Q. Arthur Sylvester, Newark News: Mr. President, do you, by considering Iran an internal problem, relinquish the initiative to the Russian Communists operating through the Tudeh Party?

THE PRESIDENT: Very naturally—we are represented there. We do every single thing we can to protect the interests of the United States everywhere on the globe, including Iran. What I meant was, that it is not proper for me here to comment on things that are internal and which could be properly resented. But make no mistake: the reason we have representatives around the world is to protect American interests wherever they may be endangered or in difficulties.

Q. Mr. Sylvester: May I ask one other question? Do you consider that a field for your psychological warfare man, Mr. Jackson or whoever it may be? [Charles Douglas Jackson]

THE PRESIDENT: I rather dislike the term “psychological warfare,” although no one really has invented a better one. The United States is trying to present certain salient facts to the world, facts, for example, as to what our purpose is, our intent, what we are doing and what we are prepared to do to further those purposes. And they are not understood. All of you are familiar with stories of where we have tried to be helpful and have earned nothing but vituperation and criticism.
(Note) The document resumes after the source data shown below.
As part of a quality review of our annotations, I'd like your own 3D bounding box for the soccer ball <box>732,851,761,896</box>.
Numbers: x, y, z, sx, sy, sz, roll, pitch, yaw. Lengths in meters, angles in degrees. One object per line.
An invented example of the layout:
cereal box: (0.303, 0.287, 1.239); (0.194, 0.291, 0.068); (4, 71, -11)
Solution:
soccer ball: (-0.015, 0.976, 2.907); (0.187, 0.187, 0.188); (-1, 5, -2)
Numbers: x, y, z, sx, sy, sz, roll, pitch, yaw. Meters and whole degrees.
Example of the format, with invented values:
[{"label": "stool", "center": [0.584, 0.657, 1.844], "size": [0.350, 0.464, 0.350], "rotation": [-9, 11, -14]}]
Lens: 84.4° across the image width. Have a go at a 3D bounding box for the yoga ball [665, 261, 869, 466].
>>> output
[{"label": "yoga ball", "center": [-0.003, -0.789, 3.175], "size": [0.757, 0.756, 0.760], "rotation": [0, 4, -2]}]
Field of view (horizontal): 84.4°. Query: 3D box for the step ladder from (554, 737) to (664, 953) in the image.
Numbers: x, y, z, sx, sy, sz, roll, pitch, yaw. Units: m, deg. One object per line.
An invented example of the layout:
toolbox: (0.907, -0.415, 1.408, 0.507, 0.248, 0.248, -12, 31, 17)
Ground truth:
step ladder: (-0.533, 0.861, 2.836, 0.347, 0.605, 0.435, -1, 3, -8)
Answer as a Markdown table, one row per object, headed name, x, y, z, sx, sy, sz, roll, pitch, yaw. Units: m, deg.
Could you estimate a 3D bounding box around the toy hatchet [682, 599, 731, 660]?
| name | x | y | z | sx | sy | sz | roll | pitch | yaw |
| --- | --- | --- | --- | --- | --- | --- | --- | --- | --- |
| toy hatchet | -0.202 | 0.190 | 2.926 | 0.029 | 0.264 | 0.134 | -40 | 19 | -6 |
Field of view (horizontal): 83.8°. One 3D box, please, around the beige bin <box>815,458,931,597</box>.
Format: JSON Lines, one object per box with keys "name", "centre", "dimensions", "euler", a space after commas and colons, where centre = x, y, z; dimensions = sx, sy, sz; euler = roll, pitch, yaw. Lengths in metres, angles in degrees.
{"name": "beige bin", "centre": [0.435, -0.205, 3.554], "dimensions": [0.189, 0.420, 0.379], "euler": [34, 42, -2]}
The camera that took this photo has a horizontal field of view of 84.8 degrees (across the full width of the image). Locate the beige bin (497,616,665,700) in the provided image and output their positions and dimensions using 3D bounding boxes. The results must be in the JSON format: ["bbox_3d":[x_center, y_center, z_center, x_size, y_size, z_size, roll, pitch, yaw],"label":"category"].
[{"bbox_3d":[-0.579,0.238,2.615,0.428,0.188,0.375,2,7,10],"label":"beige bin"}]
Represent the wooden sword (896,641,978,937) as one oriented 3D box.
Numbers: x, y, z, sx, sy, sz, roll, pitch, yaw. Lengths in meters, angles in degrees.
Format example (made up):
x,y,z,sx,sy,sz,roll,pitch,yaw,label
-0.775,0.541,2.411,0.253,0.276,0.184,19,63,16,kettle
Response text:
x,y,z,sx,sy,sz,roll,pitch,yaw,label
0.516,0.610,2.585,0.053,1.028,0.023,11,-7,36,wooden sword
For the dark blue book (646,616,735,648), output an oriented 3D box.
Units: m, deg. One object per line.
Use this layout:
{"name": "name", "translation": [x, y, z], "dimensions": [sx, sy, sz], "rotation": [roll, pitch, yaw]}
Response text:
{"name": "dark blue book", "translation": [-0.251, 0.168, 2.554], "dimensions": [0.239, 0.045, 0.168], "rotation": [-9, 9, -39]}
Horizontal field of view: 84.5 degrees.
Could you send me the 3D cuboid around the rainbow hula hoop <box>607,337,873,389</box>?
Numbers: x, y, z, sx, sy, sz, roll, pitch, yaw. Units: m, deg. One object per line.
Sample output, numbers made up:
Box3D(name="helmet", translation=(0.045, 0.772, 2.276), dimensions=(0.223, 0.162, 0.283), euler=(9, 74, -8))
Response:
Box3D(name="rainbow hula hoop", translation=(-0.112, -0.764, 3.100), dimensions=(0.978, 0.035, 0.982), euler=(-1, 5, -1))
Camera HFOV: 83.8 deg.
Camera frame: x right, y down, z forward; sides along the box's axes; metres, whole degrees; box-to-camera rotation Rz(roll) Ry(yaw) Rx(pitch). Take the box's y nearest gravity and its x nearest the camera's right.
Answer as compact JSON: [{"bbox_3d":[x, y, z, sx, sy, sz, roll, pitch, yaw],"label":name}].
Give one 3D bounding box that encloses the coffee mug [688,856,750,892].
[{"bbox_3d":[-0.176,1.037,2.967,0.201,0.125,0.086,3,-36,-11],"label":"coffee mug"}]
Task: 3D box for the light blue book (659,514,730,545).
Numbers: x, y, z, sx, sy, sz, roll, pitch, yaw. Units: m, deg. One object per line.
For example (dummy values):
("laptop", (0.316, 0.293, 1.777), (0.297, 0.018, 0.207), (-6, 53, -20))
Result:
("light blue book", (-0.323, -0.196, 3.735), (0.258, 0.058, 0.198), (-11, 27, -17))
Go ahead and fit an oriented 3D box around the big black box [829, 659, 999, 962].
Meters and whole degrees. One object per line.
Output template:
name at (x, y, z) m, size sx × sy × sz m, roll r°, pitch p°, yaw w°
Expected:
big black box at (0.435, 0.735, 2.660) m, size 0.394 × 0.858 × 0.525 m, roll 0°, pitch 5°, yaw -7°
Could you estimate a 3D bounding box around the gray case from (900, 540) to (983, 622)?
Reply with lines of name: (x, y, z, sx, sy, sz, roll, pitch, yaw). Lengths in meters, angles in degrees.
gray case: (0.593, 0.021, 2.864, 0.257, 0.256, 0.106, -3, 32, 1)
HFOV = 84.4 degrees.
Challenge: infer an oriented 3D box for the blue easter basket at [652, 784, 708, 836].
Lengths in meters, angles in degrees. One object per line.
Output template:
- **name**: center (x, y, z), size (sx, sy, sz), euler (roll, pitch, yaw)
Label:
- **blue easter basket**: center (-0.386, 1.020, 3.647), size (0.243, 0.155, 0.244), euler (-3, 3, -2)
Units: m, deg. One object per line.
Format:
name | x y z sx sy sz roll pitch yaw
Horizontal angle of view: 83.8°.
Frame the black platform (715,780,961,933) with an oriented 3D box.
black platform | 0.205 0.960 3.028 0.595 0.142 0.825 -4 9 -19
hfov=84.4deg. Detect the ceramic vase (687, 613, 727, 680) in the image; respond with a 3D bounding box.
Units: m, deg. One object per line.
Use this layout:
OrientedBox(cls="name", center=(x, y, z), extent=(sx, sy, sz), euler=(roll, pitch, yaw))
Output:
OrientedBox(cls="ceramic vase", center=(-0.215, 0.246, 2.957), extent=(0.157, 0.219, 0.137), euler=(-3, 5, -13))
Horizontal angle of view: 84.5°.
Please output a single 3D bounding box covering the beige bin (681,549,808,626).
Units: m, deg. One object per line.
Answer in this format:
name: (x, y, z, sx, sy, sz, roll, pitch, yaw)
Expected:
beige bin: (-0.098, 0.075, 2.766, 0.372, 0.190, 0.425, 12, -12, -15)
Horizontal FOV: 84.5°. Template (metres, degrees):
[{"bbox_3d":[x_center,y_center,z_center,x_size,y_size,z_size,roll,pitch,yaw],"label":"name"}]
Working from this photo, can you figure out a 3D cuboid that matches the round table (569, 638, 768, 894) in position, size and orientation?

What we are trying to do is to find some way of making effective all of the things we do in one concerted plan, of showing the world what this purpose, what these methods, what they are specifically—that we are not imperialistic, we are simply trying to help create a world in which free men can live decently.

NOTE: President Eisenhower’s third news conference was held in the Executive Office Building at 10:30 a.m. on Thursday, March 5, 1953.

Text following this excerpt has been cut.